(Data provided Opens)
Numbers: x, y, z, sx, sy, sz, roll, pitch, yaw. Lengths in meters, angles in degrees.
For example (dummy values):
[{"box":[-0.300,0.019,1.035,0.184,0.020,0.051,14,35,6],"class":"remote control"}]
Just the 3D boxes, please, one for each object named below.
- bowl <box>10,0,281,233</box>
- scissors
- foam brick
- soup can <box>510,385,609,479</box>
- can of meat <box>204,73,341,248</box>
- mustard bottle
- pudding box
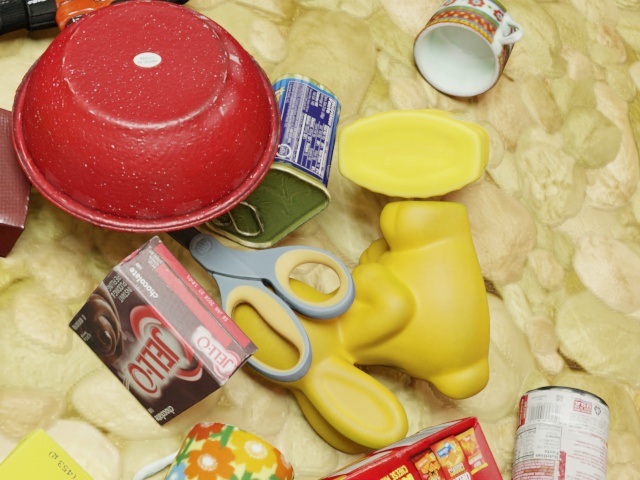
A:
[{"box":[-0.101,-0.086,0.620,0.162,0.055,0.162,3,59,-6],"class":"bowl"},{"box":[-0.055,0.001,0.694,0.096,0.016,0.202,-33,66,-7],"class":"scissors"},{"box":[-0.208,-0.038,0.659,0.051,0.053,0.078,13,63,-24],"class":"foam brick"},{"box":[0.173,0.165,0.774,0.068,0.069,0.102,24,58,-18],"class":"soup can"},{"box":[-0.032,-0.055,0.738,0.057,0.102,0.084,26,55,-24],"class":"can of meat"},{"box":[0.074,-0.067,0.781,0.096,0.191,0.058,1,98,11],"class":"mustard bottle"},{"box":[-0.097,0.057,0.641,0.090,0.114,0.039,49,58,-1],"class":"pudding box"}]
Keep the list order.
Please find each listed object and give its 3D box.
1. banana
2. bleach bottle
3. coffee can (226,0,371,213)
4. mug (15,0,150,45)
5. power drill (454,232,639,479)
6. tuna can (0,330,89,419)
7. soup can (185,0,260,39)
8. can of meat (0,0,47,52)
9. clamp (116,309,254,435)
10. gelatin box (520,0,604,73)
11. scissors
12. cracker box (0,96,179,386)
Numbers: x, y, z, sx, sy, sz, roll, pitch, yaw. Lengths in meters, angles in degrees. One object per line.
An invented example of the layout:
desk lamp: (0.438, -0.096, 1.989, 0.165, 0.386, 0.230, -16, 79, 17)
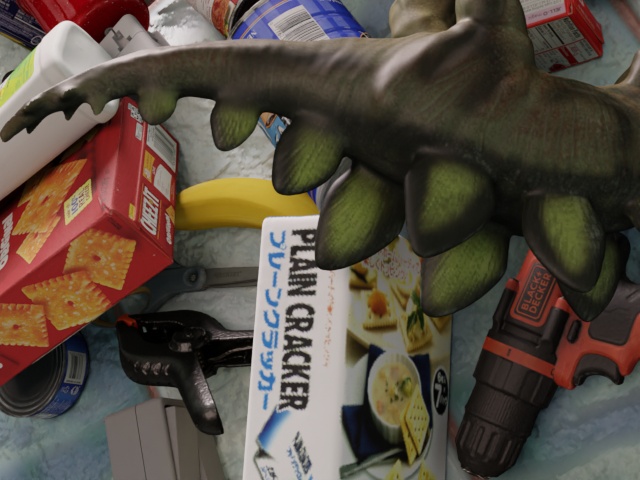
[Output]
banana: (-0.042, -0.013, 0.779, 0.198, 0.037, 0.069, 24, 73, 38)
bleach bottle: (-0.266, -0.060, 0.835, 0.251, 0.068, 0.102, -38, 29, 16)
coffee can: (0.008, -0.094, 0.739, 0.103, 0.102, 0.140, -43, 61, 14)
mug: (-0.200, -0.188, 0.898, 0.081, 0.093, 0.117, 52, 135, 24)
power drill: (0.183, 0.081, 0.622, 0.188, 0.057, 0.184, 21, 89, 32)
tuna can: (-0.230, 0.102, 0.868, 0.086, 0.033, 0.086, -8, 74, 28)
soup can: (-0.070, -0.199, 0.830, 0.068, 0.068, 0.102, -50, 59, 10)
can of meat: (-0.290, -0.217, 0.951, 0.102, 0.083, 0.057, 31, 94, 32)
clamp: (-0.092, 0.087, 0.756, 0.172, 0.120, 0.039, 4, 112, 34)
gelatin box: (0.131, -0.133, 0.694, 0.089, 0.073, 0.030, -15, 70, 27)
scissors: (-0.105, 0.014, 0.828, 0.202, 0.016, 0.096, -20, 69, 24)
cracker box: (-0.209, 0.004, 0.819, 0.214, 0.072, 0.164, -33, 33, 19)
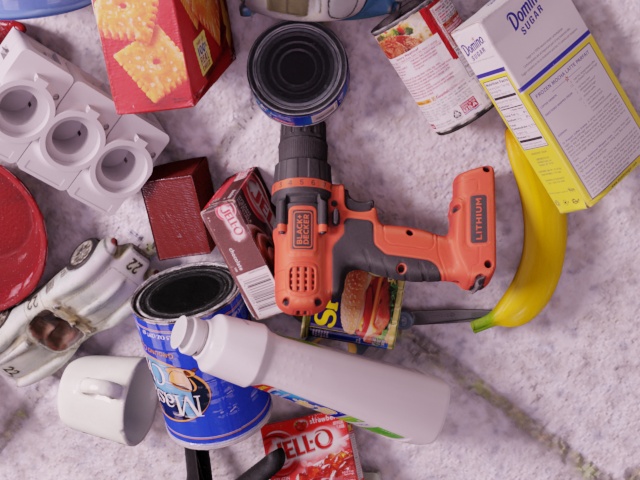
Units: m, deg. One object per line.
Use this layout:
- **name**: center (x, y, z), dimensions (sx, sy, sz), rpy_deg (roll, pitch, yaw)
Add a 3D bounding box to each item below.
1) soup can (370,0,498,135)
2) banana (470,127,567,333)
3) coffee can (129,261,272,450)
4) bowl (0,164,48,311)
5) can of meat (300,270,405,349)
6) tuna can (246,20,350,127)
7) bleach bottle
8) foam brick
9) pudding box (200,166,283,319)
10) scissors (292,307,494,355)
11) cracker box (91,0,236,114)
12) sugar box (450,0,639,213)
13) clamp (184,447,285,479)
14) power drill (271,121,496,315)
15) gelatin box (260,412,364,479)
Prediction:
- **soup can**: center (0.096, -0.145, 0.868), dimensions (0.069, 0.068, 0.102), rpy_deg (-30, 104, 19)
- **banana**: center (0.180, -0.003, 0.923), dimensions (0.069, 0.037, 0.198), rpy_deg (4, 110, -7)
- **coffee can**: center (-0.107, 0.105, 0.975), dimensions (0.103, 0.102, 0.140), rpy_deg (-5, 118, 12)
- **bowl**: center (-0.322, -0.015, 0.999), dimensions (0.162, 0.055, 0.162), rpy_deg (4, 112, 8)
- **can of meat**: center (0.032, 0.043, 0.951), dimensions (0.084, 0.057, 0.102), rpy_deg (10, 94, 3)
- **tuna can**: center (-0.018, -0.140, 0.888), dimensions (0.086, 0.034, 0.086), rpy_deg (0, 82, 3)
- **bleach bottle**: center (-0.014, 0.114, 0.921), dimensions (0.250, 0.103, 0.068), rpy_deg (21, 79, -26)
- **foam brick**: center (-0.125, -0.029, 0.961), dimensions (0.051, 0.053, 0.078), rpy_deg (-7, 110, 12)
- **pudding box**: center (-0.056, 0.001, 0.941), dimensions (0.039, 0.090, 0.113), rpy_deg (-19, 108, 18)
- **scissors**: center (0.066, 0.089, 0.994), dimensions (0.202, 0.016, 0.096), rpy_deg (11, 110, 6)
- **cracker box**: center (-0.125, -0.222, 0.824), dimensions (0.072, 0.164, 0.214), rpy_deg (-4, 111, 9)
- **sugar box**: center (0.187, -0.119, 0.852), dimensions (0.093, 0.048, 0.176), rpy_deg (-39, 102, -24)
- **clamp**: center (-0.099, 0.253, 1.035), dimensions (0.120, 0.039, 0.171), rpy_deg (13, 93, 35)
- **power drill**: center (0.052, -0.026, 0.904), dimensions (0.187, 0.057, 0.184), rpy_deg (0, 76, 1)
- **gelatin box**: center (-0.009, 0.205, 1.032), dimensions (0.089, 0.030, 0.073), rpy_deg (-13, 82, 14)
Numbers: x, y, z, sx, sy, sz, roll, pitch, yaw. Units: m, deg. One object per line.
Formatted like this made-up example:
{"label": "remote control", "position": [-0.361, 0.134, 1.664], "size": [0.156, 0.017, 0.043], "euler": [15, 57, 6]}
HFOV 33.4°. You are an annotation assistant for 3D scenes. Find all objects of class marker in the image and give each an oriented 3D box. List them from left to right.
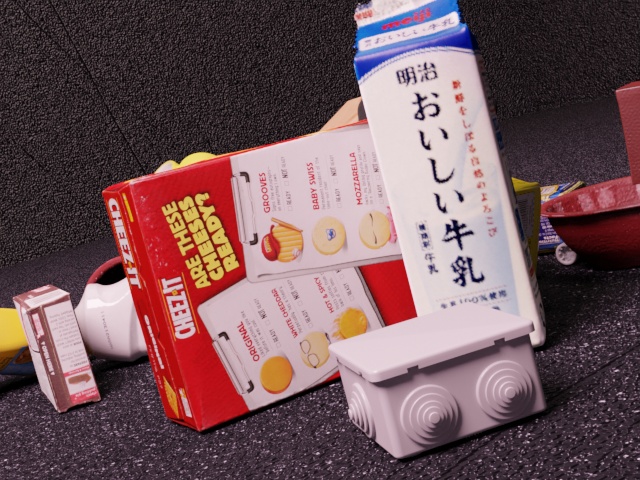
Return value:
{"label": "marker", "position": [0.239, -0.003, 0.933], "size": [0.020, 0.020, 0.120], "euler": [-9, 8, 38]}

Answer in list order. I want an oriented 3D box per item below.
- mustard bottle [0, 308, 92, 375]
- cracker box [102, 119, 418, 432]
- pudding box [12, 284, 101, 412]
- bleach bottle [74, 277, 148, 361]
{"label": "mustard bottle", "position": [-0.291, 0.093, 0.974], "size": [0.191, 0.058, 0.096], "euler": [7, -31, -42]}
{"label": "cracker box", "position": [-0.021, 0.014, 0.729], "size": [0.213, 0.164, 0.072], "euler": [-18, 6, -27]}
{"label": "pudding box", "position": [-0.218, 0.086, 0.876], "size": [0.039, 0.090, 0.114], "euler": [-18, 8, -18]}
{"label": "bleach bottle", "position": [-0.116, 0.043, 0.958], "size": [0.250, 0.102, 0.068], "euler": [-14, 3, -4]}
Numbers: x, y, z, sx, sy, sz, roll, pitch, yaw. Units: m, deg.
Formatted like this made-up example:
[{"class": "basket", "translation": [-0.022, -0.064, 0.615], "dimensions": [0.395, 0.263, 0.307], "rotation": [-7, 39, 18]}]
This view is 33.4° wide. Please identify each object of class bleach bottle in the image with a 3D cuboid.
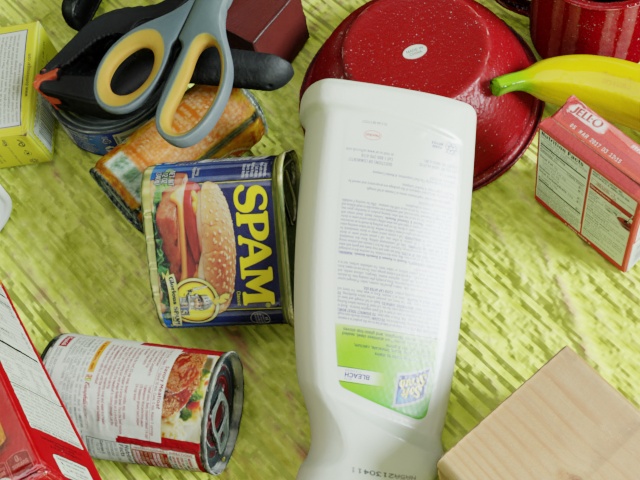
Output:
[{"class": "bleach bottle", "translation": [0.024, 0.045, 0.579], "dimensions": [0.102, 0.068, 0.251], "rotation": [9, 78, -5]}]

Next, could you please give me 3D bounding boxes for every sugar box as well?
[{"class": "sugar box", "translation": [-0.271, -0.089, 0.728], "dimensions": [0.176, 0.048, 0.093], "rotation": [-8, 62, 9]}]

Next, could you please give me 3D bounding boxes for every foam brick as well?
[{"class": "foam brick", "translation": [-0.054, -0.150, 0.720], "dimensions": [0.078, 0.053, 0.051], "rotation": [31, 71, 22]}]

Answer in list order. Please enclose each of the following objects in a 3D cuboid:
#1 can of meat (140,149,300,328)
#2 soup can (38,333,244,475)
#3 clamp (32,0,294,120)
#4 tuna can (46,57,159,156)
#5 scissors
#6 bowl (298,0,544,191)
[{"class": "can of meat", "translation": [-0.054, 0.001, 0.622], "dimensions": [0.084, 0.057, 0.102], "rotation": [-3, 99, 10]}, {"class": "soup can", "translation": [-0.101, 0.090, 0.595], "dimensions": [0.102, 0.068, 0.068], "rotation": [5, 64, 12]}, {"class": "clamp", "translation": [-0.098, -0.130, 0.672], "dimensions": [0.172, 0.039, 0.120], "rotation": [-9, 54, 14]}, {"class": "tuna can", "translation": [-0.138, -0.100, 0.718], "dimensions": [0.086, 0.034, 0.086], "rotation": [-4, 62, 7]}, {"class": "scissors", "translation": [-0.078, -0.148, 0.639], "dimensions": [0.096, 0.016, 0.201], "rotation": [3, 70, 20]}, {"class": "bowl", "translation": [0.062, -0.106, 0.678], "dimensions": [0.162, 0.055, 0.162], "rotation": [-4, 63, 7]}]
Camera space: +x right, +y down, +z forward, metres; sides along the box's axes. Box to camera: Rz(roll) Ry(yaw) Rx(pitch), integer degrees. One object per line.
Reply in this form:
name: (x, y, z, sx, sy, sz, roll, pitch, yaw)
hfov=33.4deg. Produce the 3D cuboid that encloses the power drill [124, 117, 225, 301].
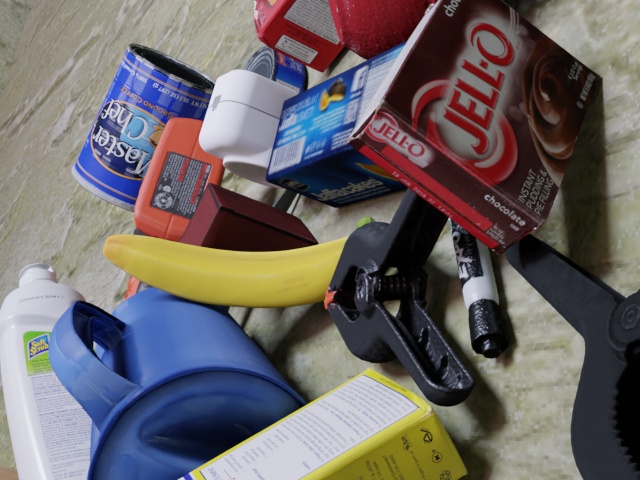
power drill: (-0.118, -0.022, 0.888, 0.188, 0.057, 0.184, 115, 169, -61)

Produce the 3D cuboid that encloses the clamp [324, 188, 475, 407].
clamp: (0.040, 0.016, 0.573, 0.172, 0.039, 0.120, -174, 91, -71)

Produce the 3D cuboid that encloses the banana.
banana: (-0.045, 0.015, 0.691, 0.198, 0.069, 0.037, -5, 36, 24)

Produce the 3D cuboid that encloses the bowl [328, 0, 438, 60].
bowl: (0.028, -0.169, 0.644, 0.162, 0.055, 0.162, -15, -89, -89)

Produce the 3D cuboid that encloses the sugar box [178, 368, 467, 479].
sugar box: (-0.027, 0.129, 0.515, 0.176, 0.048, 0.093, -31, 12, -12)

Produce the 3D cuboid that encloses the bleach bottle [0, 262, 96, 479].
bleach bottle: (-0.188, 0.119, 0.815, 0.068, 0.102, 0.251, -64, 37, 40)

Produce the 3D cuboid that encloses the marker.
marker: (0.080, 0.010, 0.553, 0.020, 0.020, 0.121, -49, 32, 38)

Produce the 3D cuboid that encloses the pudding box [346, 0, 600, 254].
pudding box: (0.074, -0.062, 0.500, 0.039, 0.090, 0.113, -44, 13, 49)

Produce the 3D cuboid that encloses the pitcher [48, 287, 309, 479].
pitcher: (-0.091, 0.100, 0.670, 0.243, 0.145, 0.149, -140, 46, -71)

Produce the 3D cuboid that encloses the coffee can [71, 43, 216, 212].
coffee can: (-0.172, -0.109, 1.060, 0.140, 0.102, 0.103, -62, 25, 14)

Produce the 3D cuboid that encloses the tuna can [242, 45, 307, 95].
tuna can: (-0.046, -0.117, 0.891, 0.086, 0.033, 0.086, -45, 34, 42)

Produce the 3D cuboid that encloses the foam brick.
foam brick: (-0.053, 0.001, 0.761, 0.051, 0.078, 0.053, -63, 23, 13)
(Data provided Closes)
Requirement = The word "angles" appears on some lines of the data above; count those lines and return only the number.

Exercise result = 2